Here is the list of the templates we get out of the box once we install veewee:

**vagrant basebox templates**
The following templates are available:
vagrant basebox define '' 'archlinux-i686'
vagrant basebox define '' 'CentOS-4.8-i386'
vagrant basebox define '' 'CentOS-5.6-i386'
vagrant basebox define '' 'CentOS-5.6-i386-netboot'
vagrant basebox define '' 'Debian-6.0.1a-amd64-netboot'
vagrant basebox define '' 'Debian-6.0.1a-i386-netboot'
vagrant basebox define '' 'Fedora-14-amd64'
vagrant basebox define '' 'Fedora-14-amd64-netboot'
vagrant basebox define '' 'Fedora-14-i386'
vagrant basebox define '' 'Fedora-14-i386-netboot'
vagrant basebox define '' 'freebsd-8.2-experimental'
vagrant basebox define '' 'freebsd-8.2-pcbsd-i386'
vagrant basebox define '' 'freebsd-8.2-pcbsd-i386-netboot'
vagrant basebox define '' 'gentoo-latest-i386-experimental'
vagrant basebox define '' 'opensuse-11.4-i386-experimental'
vagrant basebox define '' 'solaris-11-express-i386'
vagrant basebox define '' 'Sysrescuecd-2.0.0-experimental'
vagrant basebox define '' 'ubuntu-10.04.2-amd64-netboot'
vagrant basebox define '' 'ubuntu-10.04.2-server-amd64'
vagrant basebox define '' 'ubuntu-10.04.2-server-i386'
vagrant basebox define '' 'ubuntu-10.04.2-server-i386-netboot'
vagrant basebox define '' 'ubuntu-10.10-server-amd64'
vagrant basebox define '' 'ubuntu-10.10-server-amd64-netboot'
vagrant basebox define '' 'ubuntu-10.10-server-i386'
vagrant basebox define '' 'ubuntu-10.10-server-i386-netboot'
vagrant basebox define '' 'ubuntu-11.04-server-amd64'
vagrant basebox define '' 'ubuntu-11.04-server-i386'
vagrant basebox define '' 'windows-2008R2-amd64-experimental'

This means that we can build a box based on any of the above templates. That’s awesome! Let’s say we want to build a debian squeeze box using veewee; we would have to run:

vagrant basebox define 'debian-60' 'Debian-6.0.1a-amd64-netboot'

and this will create a folder definitions/debian-60 with the following files (the content of the veewee template):

definition.rb
postinstall.sh
preseed.cfg

we can modify/tune any of those files based on our custom needs. The file definition.rb is the main definition of the template. Here you would define the memory size, disk size, iso file, etc. The content is very easy to understand, but you would normally not have to change many things here. preseed.cfg is just a standard preseed file where you would customize the actual install process (you could change here the partitions or their type, timezone setup, etc). And finally postinstall.sh that is a bash script that will run at the end of the installation process and it will install ruby, gems , chef and puppet and also the virtualbox guest additions (needed for shared folders).

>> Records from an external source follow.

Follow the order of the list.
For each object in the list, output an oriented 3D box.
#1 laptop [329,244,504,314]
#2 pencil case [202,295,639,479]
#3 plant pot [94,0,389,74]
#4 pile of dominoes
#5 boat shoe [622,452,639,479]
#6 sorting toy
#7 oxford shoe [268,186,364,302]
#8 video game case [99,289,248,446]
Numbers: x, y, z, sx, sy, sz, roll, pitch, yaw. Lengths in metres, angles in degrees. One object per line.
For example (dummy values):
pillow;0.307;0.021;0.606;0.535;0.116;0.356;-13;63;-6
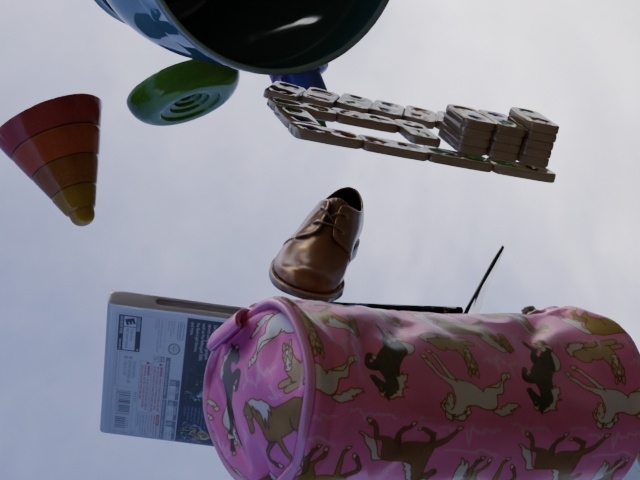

If you have the iso already place it in ‘currentdir’/iso. If not, veewee will download it and place it in the appropriate folder before starting the install process:

vagrant basebox build 'debian-60'

this will start the installation and you can see all the steps it takes (the keystrokes as they are entered, etc.). This can take a while… Once it is done you can validate the build with:

vagrant basebox validate 'debian-60'

(this will run a few basic tests to see if it can connect to the vm as user vagrant, if chef and puppet were installed, if the shared folders are accessible, etc).

And finally you can export it as a vagrant box with:

vagrant basebox export 'debian-60'

and add it to vagrant:

vagrant box add 'debian-60' debian-60.box

and now you can use it in vagrant with:

vagrant init 'debian-60'

That’s it. Very simple and now we have our own box built from scratch. As a side note, I found this very useful to test and troubleshoot preseed configurations ;). As you can see there are plenty of templates available in veewee but if you create a new one please consider to share it with others and send it to Patrick on github. I’m sure he will be happy to include it in newer versions of veewee. And if you found this useful don’t forget to thank Patrick for his great work on this awesome tool.